• **WHAT YOU HAVE TO DO**
Since pictures are not part of the copy, please output only the lines from the one with "desk lamp at" through the end of the data below, exactly as written.

Saved entries
● ● ● ●
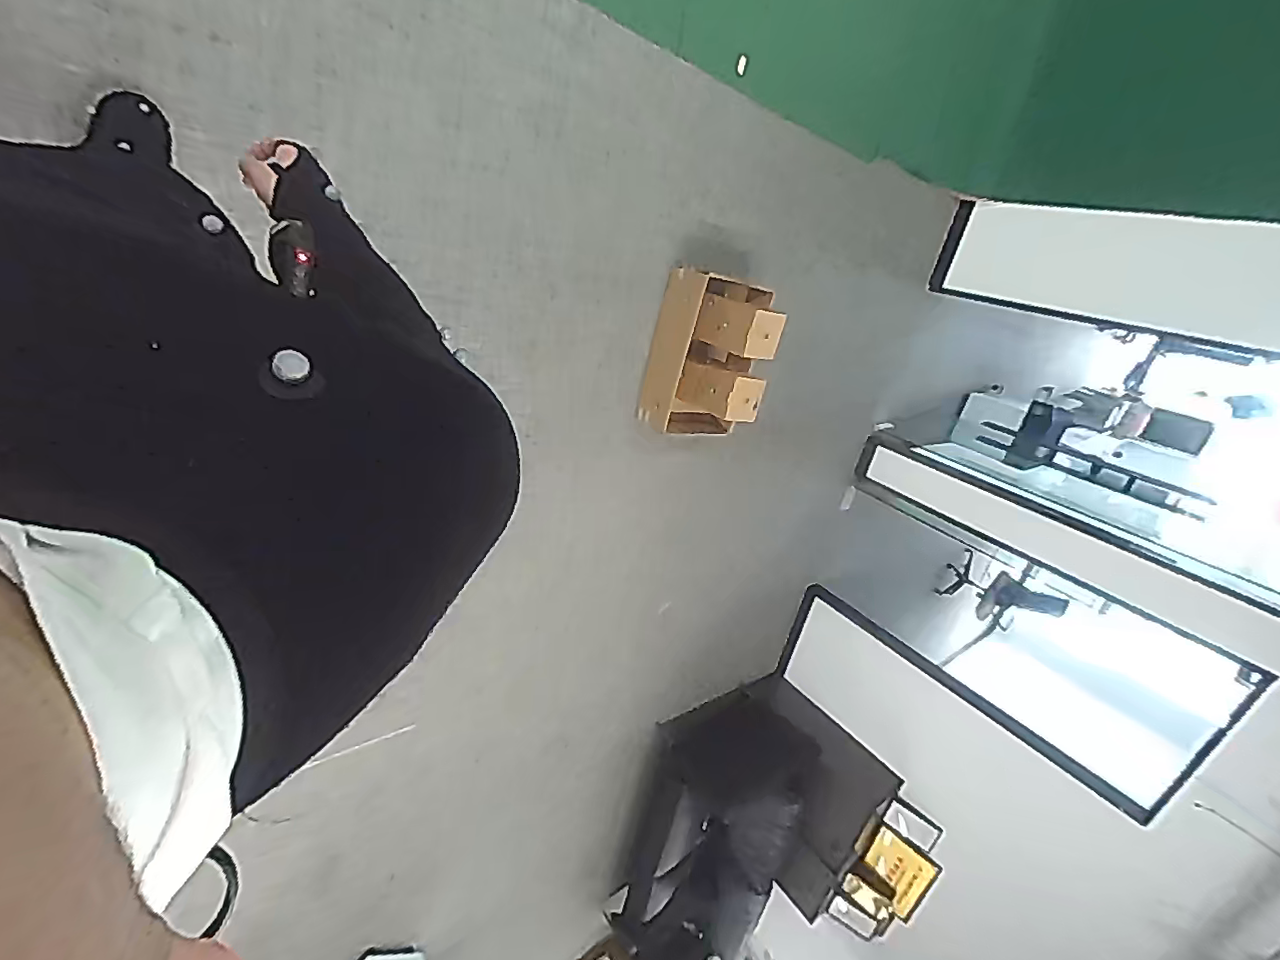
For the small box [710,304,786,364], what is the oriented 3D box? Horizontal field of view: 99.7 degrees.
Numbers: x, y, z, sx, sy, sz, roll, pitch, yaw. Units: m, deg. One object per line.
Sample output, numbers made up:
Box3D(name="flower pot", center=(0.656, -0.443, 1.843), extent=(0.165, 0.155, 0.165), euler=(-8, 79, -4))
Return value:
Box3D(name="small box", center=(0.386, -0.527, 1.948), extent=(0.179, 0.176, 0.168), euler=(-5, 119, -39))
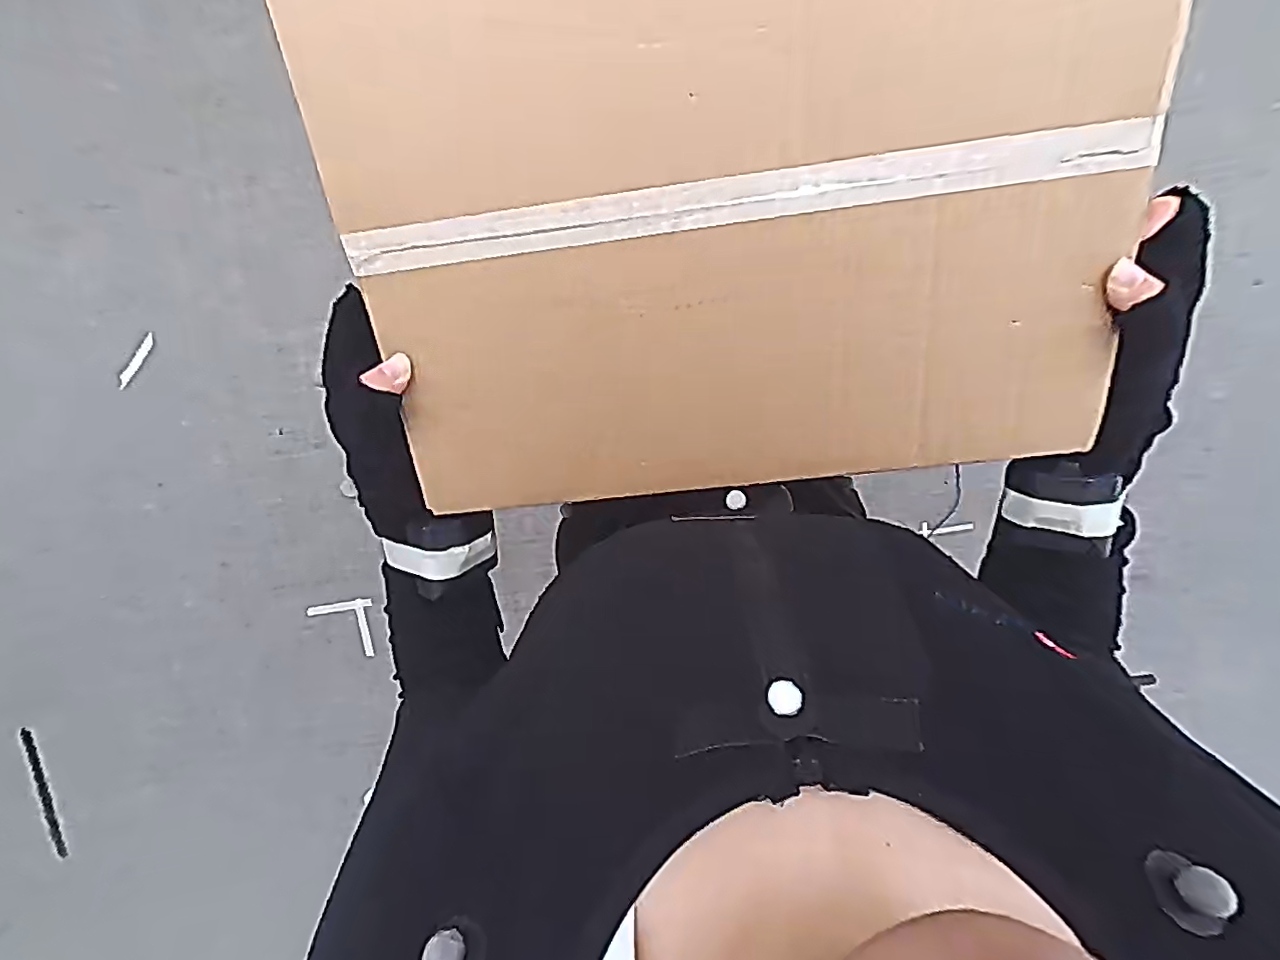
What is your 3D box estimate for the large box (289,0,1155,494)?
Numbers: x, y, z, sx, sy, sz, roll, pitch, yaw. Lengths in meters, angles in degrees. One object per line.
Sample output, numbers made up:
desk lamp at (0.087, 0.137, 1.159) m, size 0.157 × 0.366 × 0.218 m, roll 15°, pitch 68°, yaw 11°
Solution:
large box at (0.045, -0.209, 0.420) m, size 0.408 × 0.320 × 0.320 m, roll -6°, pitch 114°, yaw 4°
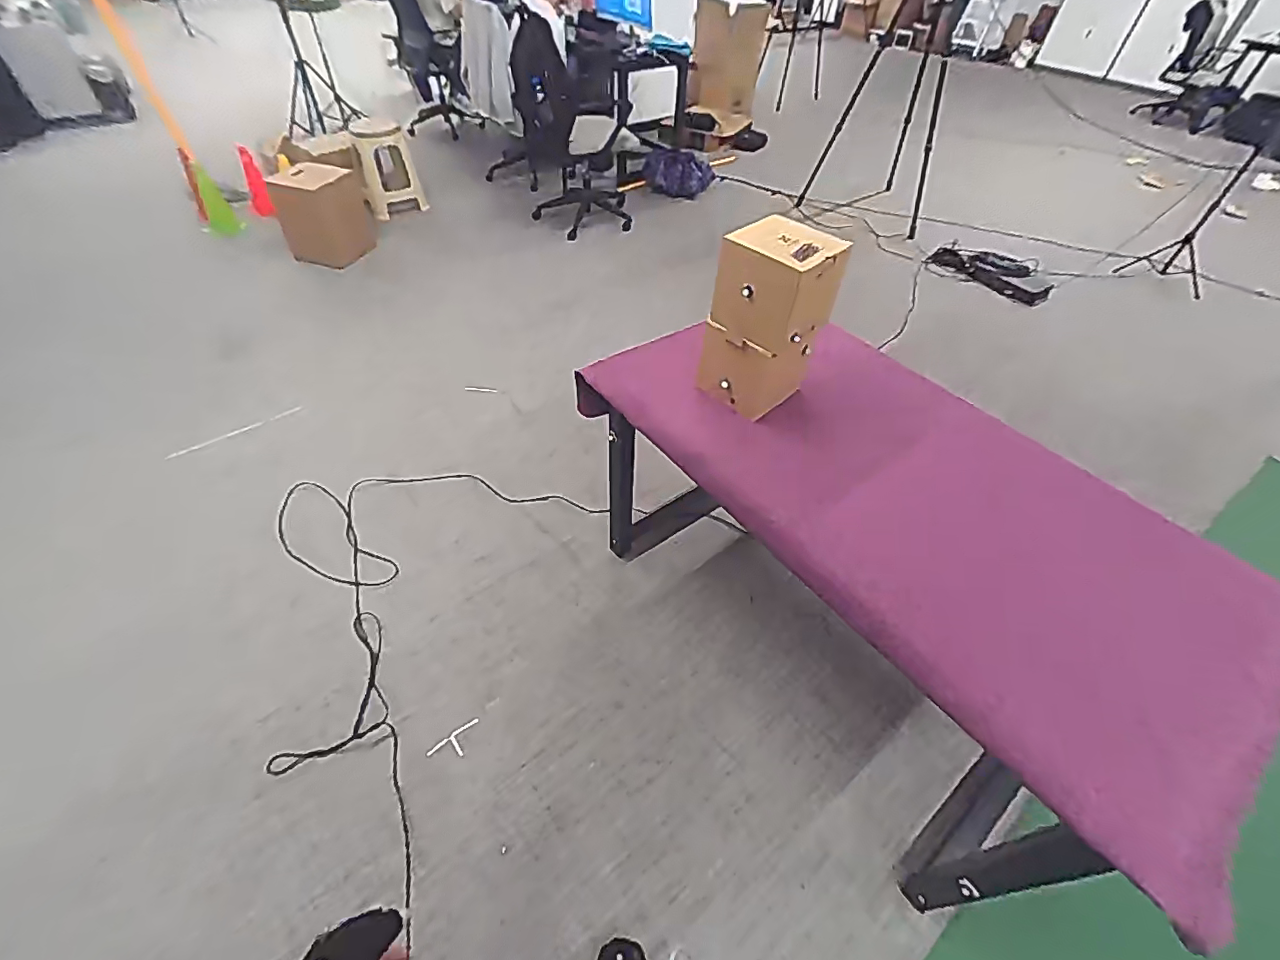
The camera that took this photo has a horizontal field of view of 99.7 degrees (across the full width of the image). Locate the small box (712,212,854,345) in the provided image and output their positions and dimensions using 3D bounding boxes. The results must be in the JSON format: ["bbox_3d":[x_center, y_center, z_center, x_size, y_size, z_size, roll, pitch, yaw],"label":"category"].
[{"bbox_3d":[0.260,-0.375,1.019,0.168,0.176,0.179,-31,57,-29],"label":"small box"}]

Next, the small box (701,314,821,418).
● ● ● ●
• **YOUR RESPONSE**
desk lamp at (0.087, 0.137, 1.159) m, size 0.157 × 0.366 × 0.218 m, roll 15°, pitch 68°, yaw 11°
Solution:
large box at (0.045, -0.209, 0.420) m, size 0.408 × 0.320 × 0.320 m, roll -6°, pitch 114°, yaw 4°
The camera that took this photo has a horizontal field of view of 99.7 degrees (across the full width of the image). Locate the small box (712,212,854,345) in the provided image and output their positions and dimensions using 3D bounding boxes. The results must be in the JSON format: ["bbox_3d":[x_center, y_center, z_center, x_size, y_size, z_size, roll, pitch, yaw],"label":"category"].
[{"bbox_3d":[0.260,-0.375,1.019,0.168,0.176,0.179,-31,57,-29],"label":"small box"}]

Next, the small box (701,314,821,418).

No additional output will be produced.